__INSTRUCTIONS FOR THE TASK__
Leaving the pictures aside, transcribe every line below exactly.
<<<<
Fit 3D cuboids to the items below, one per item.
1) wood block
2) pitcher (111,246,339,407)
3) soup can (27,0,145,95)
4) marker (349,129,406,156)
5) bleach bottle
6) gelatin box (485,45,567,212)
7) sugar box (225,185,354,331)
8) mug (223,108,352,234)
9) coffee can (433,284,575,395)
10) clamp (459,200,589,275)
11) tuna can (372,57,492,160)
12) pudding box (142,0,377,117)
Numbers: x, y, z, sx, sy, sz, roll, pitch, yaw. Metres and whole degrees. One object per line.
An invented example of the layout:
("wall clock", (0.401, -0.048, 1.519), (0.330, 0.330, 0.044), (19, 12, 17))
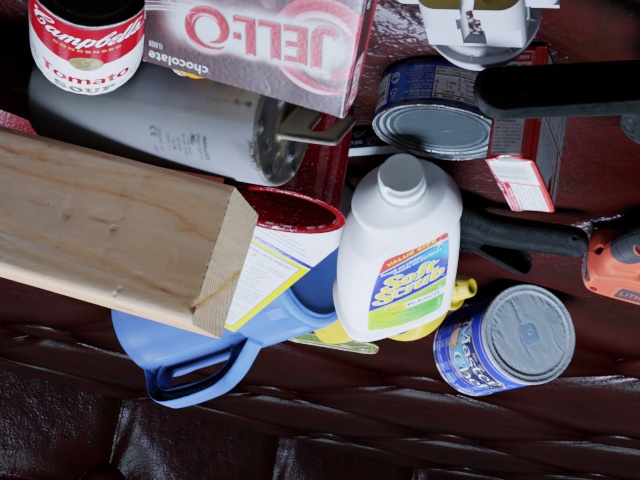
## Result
("wood block", (-0.157, -0.009, 0.691), (0.206, 0.090, 0.091), (15, 171, 9))
("pitcher", (-0.088, 0.063, 1.053), (0.243, 0.149, 0.144), (-18, -171, 43))
("soup can", (-0.128, -0.128, 0.590), (0.068, 0.068, 0.102), (13, 164, -10))
("marker", (0.021, -0.070, 0.784), (0.121, 0.020, 0.020), (-1, 161, 34))
("bleach bottle", (0.053, 0.004, 0.800), (0.102, 0.068, 0.251), (-17, 159, -2))
("gelatin box", (0.125, -0.065, 0.643), (0.030, 0.073, 0.089), (4, 164, 22))
("sugar box", (-0.056, 0.001, 0.884), (0.093, 0.048, 0.176), (31, 128, -25))
("mug", (-0.033, -0.060, 0.738), (0.117, 0.081, 0.093), (17, 163, -23))
("coffee can", (0.194, 0.110, 1.146), (0.102, 0.103, 0.140), (14, 164, -12))
("clamp", (0.133, -0.010, 0.888), (0.171, 0.039, 0.120), (16, 161, -20))
("tuna can", (0.078, -0.083, 0.681), (0.086, 0.033, 0.086), (9, 164, 2))
("pudding box", (-0.029, -0.119, 0.524), (0.113, 0.039, 0.090), (18, 133, 9))
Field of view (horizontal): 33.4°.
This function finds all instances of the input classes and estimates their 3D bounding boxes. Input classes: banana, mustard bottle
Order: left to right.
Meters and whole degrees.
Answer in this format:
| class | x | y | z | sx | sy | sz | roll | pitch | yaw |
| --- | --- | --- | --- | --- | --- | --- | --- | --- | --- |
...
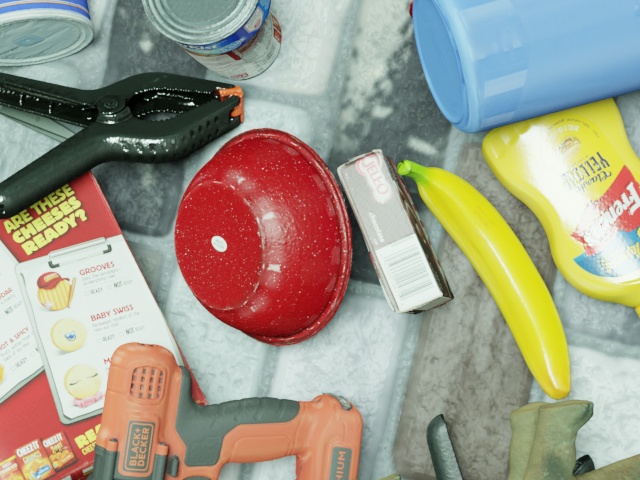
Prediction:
| class | x | y | z | sx | sy | sz | roll | pitch | yaw |
| --- | --- | --- | --- | --- | --- | --- | --- | --- | --- |
| banana | 0.123 | 0.021 | 0.762 | 0.198 | 0.069 | 0.037 | 55 | 133 | 5 |
| mustard bottle | 0.202 | -0.016 | 0.749 | 0.096 | 0.058 | 0.192 | -32 | 80 | 1 |

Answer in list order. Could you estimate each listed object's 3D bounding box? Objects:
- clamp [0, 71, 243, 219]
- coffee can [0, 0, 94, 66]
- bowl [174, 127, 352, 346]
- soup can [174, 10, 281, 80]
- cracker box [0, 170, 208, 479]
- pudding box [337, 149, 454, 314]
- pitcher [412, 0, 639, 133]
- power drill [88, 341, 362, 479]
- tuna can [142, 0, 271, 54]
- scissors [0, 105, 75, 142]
| class | x | y | z | sx | sy | sz | roll | pitch | yaw |
| --- | --- | --- | --- | --- | --- | --- | --- | --- | --- |
| clamp | -0.160 | -0.082 | 0.802 | 0.210 | 0.036 | 0.164 | -5 | 45 | -8 |
| coffee can | -0.241 | -0.221 | 0.840 | 0.103 | 0.102 | 0.140 | -13 | 82 | 11 |
| bowl | -0.055 | 0.001 | 0.767 | 0.162 | 0.055 | 0.162 | 8 | 102 | 40 |
| soup can | -0.073 | -0.163 | 0.798 | 0.068 | 0.102 | 0.068 | -1 | 85 | 12 |
| cracker box | -0.205 | 0.069 | 0.798 | 0.164 | 0.072 | 0.214 | -25 | 79 | -17 |
| pudding box | 0.055 | -0.004 | 0.764 | 0.039 | 0.090 | 0.113 | -22 | 82 | 11 |
| pitcher | 0.186 | -0.165 | 0.695 | 0.242 | 0.145 | 0.149 | -18 | 56 | -6 |
| power drill | -0.069 | 0.170 | 0.748 | 0.187 | 0.057 | 0.184 | 8 | 90 | -22 |
| tuna can | -0.077 | -0.171 | 0.729 | 0.086 | 0.033 | 0.086 | -1 | 85 | 12 |
| scissors | -0.289 | -0.105 | 0.885 | 0.202 | 0.016 | 0.096 | 42 | 96 | 13 |
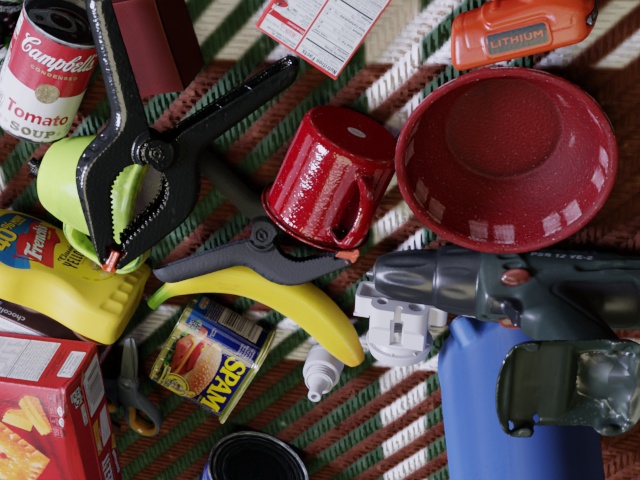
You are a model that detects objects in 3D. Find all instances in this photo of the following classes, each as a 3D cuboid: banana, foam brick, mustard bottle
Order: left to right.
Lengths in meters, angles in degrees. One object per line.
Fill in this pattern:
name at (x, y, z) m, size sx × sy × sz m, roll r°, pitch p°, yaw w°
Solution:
mustard bottle at (-0.251, 0.020, 0.935) m, size 0.191 × 0.096 × 0.058 m, roll 23°, pitch 122°, yaw -2°
foam brick at (-0.130, -0.156, 0.816) m, size 0.053 × 0.051 × 0.078 m, roll -5°, pitch 122°, yaw 18°
banana at (-0.048, 0.052, 0.936) m, size 0.197 × 0.037 × 0.070 m, roll 17°, pitch 106°, yaw -3°

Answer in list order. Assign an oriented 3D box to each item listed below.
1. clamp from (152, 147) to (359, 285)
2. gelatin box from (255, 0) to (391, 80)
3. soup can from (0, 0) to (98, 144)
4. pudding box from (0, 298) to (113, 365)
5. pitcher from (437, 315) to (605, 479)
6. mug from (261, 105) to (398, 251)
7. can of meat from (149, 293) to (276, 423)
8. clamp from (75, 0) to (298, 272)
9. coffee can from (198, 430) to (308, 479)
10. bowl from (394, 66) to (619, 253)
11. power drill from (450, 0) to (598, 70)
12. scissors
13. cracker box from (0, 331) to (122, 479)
clamp at (-0.056, 0.001, 0.893) m, size 0.171 × 0.039 × 0.120 m, roll 23°, pitch 105°, yaw 0°
gelatin box at (0.005, -0.174, 0.783) m, size 0.073 × 0.030 × 0.089 m, roll 31°, pitch 125°, yaw -9°
soup can at (-0.215, -0.135, 0.840) m, size 0.068 × 0.068 × 0.102 m, roll 29°, pitch 126°, yaw -6°
pudding box at (-0.237, 0.067, 0.968) m, size 0.113 × 0.090 × 0.039 m, roll 22°, pitch 126°, yaw -1°
pitcher at (0.168, 0.177, 0.847) m, size 0.149 × 0.242 × 0.145 m, roll 6°, pitch 123°, yaw 2°
mug at (0.014, -0.044, 0.819) m, size 0.093 × 0.117 × 0.082 m, roll 11°, pitch 124°, yaw -24°
can of meat at (-0.101, 0.106, 0.981) m, size 0.084 × 0.057 × 0.102 m, roll 30°, pitch 124°, yaw -4°
clamp at (-0.132, -0.078, 0.791) m, size 0.164 × 0.036 × 0.210 m, roll 25°, pitch 102°, yaw -24°
coffee can at (-0.082, 0.273, 1.059) m, size 0.103 × 0.102 × 0.140 m, roll 23°, pitch 125°, yaw -2°
bowl at (0.138, -0.069, 0.799) m, size 0.162 × 0.055 × 0.162 m, roll 4°, pitch 127°, yaw 6°
power drill at (0.100, -0.212, 0.717) m, size 0.185 × 0.057 × 0.187 m, roll -9°, pitch 121°, yaw 23°
scissors at (-0.197, 0.130, 1.005) m, size 0.096 × 0.016 × 0.202 m, roll 16°, pitch 147°, yaw 16°
cracker box at (-0.296, 0.163, 0.946) m, size 0.214 × 0.072 × 0.164 m, roll 5°, pitch 124°, yaw 11°
>>>>
__ANSWER SPACE__
Fit 3D cuboids to the items below, one per item.
1) wood block
2) pitcher (111,246,339,407)
3) soup can (27,0,145,95)
4) marker (349,129,406,156)
5) bleach bottle
6) gelatin box (485,45,567,212)
7) sugar box (225,185,354,331)
8) mug (223,108,352,234)
9) coffee can (433,284,575,395)
10) clamp (459,200,589,275)
11) tuna can (372,57,492,160)
12) pudding box (142,0,377,117)
Numbers: x, y, z, sx, sy, sz, roll, pitch, yaw. Metres and whole degrees. One object per line.
An invented example of the layout:
("wall clock", (0.401, -0.048, 1.519), (0.330, 0.330, 0.044), (19, 12, 17))
## Result
("wood block", (-0.157, -0.009, 0.691), (0.206, 0.090, 0.091), (15, 171, 9))
("pitcher", (-0.088, 0.063, 1.053), (0.243, 0.149, 0.144), (-18, -171, 43))
("soup can", (-0.128, -0.128, 0.590), (0.068, 0.068, 0.102), (13, 164, -10))
("marker", (0.021, -0.070, 0.784), (0.121, 0.020, 0.020), (-1, 161, 34))
("bleach bottle", (0.053, 0.004, 0.800), (0.102, 0.068, 0.251), (-17, 159, -2))
("gelatin box", (0.125, -0.065, 0.643), (0.030, 0.073, 0.089), (4, 164, 22))
("sugar box", (-0.056, 0.001, 0.884), (0.093, 0.048, 0.176), (31, 128, -25))
("mug", (-0.033, -0.060, 0.738), (0.117, 0.081, 0.093), (17, 163, -23))
("coffee can", (0.194, 0.110, 1.146), (0.102, 0.103, 0.140), (14, 164, -12))
("clamp", (0.133, -0.010, 0.888), (0.171, 0.039, 0.120), (16, 161, -20))
("tuna can", (0.078, -0.083, 0.681), (0.086, 0.033, 0.086), (9, 164, 2))
("pudding box", (-0.029, -0.119, 0.524), (0.113, 0.039, 0.090), (18, 133, 9))
Field of view (horizontal): 33.4°.
This function finds all instances of the input classes and estimates their 3D bounding boxes. Input classes: banana, mustard bottle
Order: left to right.
Meters and whole degrees.
Answer in this format:
| class | x | y | z | sx | sy | sz | roll | pitch | yaw |
| --- | --- | --- | --- | --- | --- | --- | --- | --- | --- |
...
Prediction:
| class | x | y | z | sx | sy | sz | roll | pitch | yaw |
| --- | --- | --- | --- | --- | --- | --- | --- | --- | --- |
| banana | 0.123 | 0.021 | 0.762 | 0.198 | 0.069 | 0.037 | 55 | 133 | 5 |
| mustard bottle | 0.202 | -0.016 | 0.749 | 0.096 | 0.058 | 0.192 | -32 | 80 | 1 |

Answer in list order. Could you estimate each listed object's 3D bounding box? Objects:
- clamp [0, 71, 243, 219]
- coffee can [0, 0, 94, 66]
- bowl [174, 127, 352, 346]
- soup can [174, 10, 281, 80]
- cracker box [0, 170, 208, 479]
- pudding box [337, 149, 454, 314]
- pitcher [412, 0, 639, 133]
- power drill [88, 341, 362, 479]
- tuna can [142, 0, 271, 54]
- scissors [0, 105, 75, 142]
| class | x | y | z | sx | sy | sz | roll | pitch | yaw |
| --- | --- | --- | --- | --- | --- | --- | --- | --- | --- |
| clamp | -0.160 | -0.082 | 0.802 | 0.210 | 0.036 | 0.164 | -5 | 45 | -8 |
| coffee can | -0.241 | -0.221 | 0.840 | 0.103 | 0.102 | 0.140 | -13 | 82 | 11 |
| bowl | -0.055 | 0.001 | 0.767 | 0.162 | 0.055 | 0.162 | 8 | 102 | 40 |
| soup can | -0.073 | -0.163 | 0.798 | 0.068 | 0.102 | 0.068 | -1 | 85 | 12 |
| cracker box | -0.205 | 0.069 | 0.798 | 0.164 | 0.072 | 0.214 | -25 | 79 | -17 |
| pudding box | 0.055 | -0.004 | 0.764 | 0.039 | 0.090 | 0.113 | -22 | 82 | 11 |
| pitcher | 0.186 | -0.165 | 0.695 | 0.242 | 0.145 | 0.149 | -18 | 56 | -6 |
| power drill | -0.069 | 0.170 | 0.748 | 0.187 | 0.057 | 0.184 | 8 | 90 | -22 |
| tuna can | -0.077 | -0.171 | 0.729 | 0.086 | 0.033 | 0.086 | -1 | 85 | 12 |
| scissors | -0.289 | -0.105 | 0.885 | 0.202 | 0.016 | 0.096 | 42 | 96 | 13 |
You are a model that detects objects in 3D. Find all instances in this photo of the following classes, each as a 3D cuboid: banana, foam brick, mustard bottle
Order: left to right.
Lengths in meters, angles in degrees. One object per line.
Fill in this pattern:
name at (x, y, z) m, size sx × sy × sz m, roll r°, pitch p°, yaw w°
Solution:
mustard bottle at (-0.251, 0.020, 0.935) m, size 0.191 × 0.096 × 0.058 m, roll 23°, pitch 122°, yaw -2°
foam brick at (-0.130, -0.156, 0.816) m, size 0.053 × 0.051 × 0.078 m, roll -5°, pitch 122°, yaw 18°
banana at (-0.048, 0.052, 0.936) m, size 0.197 × 0.037 × 0.070 m, roll 17°, pitch 106°, yaw -3°

Answer in list order. Assign an oriented 3D box to each item listed below.
1. clamp from (152, 147) to (359, 285)
2. gelatin box from (255, 0) to (391, 80)
3. soup can from (0, 0) to (98, 144)
4. pudding box from (0, 298) to (113, 365)
5. pitcher from (437, 315) to (605, 479)
6. mug from (261, 105) to (398, 251)
7. can of meat from (149, 293) to (276, 423)
8. clamp from (75, 0) to (298, 272)
9. coffee can from (198, 430) to (308, 479)
10. bowl from (394, 66) to (619, 253)
11. power drill from (450, 0) to (598, 70)
12. scissors
13. cracker box from (0, 331) to (122, 479)
clamp at (-0.056, 0.001, 0.893) m, size 0.171 × 0.039 × 0.120 m, roll 23°, pitch 105°, yaw 0°
gelatin box at (0.005, -0.174, 0.783) m, size 0.073 × 0.030 × 0.089 m, roll 31°, pitch 125°, yaw -9°
soup can at (-0.215, -0.135, 0.840) m, size 0.068 × 0.068 × 0.102 m, roll 29°, pitch 126°, yaw -6°
pudding box at (-0.237, 0.067, 0.968) m, size 0.113 × 0.090 × 0.039 m, roll 22°, pitch 126°, yaw -1°
pitcher at (0.168, 0.177, 0.847) m, size 0.149 × 0.242 × 0.145 m, roll 6°, pitch 123°, yaw 2°
mug at (0.014, -0.044, 0.819) m, size 0.093 × 0.117 × 0.082 m, roll 11°, pitch 124°, yaw -24°
can of meat at (-0.101, 0.106, 0.981) m, size 0.084 × 0.057 × 0.102 m, roll 30°, pitch 124°, yaw -4°
clamp at (-0.132, -0.078, 0.791) m, size 0.164 × 0.036 × 0.210 m, roll 25°, pitch 102°, yaw -24°
coffee can at (-0.082, 0.273, 1.059) m, size 0.103 × 0.102 × 0.140 m, roll 23°, pitch 125°, yaw -2°
bowl at (0.138, -0.069, 0.799) m, size 0.162 × 0.055 × 0.162 m, roll 4°, pitch 127°, yaw 6°
power drill at (0.100, -0.212, 0.717) m, size 0.185 × 0.057 × 0.187 m, roll -9°, pitch 121°, yaw 23°
scissors at (-0.197, 0.130, 1.005) m, size 0.096 × 0.016 × 0.202 m, roll 16°, pitch 147°, yaw 16°
cracker box at (-0.296, 0.163, 0.946) m, size 0.214 × 0.072 × 0.164 m, roll 5°, pitch 124°, yaw 11°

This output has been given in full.